## EXTRACTED RECORDS
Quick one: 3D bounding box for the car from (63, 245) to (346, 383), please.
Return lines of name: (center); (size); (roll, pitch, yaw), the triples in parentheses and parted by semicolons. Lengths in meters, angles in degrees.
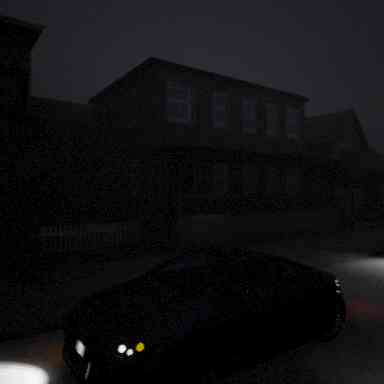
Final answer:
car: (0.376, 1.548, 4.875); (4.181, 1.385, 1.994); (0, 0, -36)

--

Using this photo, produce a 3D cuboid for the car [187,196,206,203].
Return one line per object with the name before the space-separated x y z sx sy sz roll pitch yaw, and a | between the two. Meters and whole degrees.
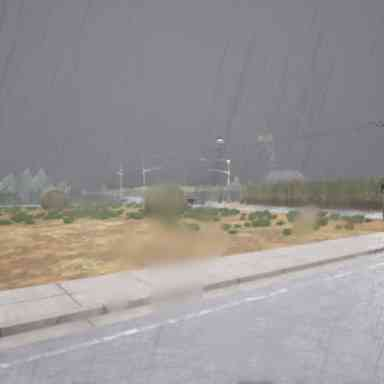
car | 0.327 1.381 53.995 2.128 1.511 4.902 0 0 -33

--

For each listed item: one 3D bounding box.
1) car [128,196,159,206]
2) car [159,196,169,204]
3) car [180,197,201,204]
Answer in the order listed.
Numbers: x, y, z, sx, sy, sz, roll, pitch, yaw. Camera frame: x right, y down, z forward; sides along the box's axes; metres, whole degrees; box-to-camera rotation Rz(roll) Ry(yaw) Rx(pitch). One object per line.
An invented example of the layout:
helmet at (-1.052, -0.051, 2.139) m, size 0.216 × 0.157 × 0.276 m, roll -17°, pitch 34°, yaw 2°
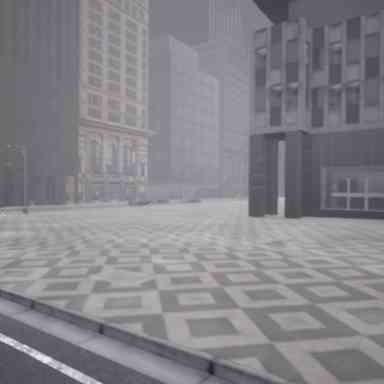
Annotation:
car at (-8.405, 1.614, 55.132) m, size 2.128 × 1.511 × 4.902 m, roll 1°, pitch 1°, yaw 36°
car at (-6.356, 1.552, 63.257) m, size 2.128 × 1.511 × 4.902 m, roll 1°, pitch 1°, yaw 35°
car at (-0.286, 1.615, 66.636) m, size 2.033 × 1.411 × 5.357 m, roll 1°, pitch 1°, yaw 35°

## WORK TO BE COMPLETED
Copy out whichever lines of the listing contain the word "listed".

## ANSWER SECTION
For each listed item: one 3D bounding box.
Answer in the order listed.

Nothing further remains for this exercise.